…Шили они втроем — дядя Миша, Колди и Питер — в доме по Графскому переулку. Колди, высокая худая шатенка, воспитывала Питера на английский манер. Зимой и летом он ходил в коротких штанишках — с голыми коленками. Еще носил широкополую соломенную шляпу с лентой. У меня до сих пор лежит его английский букварь…
Я перелистал довольно растрепанную азбуку. Корявыми детскими буквами на полях было выведено: «Domerschikow», а чуть ниже по-русски, по-деревенски: «Тэта».
— Это его учила писать по-русски няня Тоня. Красавица. Она приехала из глухой деревни, малограмотная. Но была очень добрым человеком, преданным дядиной семье бесконечно.
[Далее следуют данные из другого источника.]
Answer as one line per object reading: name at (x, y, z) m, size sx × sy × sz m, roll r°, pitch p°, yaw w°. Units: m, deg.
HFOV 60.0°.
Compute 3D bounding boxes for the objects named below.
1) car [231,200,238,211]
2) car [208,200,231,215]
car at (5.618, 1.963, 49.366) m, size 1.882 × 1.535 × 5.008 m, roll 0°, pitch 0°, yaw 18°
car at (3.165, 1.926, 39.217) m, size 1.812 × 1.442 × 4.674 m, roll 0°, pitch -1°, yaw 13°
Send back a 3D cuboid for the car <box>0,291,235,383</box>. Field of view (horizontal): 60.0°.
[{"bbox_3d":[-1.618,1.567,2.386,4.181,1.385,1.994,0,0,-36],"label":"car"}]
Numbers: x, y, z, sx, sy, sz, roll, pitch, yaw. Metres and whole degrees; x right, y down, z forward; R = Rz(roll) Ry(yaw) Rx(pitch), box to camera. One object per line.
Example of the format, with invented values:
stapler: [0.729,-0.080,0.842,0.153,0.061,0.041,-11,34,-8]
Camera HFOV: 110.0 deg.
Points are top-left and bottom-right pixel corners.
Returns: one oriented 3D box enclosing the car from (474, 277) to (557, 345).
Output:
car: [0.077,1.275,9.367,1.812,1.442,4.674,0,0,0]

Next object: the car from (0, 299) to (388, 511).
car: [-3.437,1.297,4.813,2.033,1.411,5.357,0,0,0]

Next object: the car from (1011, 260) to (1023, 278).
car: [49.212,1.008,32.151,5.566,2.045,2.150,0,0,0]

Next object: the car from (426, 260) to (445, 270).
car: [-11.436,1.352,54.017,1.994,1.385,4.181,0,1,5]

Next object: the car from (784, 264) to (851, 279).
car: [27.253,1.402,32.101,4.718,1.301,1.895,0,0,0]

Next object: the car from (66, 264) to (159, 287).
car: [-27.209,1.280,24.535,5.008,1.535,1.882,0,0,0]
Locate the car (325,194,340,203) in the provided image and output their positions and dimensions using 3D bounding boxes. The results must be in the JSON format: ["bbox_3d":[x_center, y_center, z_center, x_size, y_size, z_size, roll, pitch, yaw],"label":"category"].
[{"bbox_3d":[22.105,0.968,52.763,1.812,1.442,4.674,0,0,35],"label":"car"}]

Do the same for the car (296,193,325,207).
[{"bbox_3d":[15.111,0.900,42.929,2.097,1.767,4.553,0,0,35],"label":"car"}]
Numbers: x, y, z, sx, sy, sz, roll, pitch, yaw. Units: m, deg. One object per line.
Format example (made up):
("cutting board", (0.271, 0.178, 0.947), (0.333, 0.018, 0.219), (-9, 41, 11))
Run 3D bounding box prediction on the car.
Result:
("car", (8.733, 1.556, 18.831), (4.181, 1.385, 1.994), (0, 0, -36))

Когда Колди с сыном не вернулась из Англии, а это стало известно спустя два дня, на троицу, Михаила Михайловича арестовали прямо на пароходе. Тоня сохранила квартиру, все вещи, все, все… Она посылала ему теплые вещи и продукты. Она отправилась в Москву хлопотать о нем по начальству. Добилась смягчения его приговора. Вроде бы он стал работать по специальности — судоводителем где-то под Новосибирском. Потом она поехала к нему туда, в ссылку, и там встретила его с другой женщиной — Екатериной Николаевной Карташовой. Красивая образованная петербуржанка, она пострадала из-за первого мужа, царского офицера. И познакомилась в ссылке с Михаилом Михайловичем. Они, что называется, нашли друг друга и поженились. Для Тони это было большим ударом, дядю она любила до беспамятства, и Тоня не выдержала, сошла с ума и незадолго до войны умерла. Такая вот грустная история.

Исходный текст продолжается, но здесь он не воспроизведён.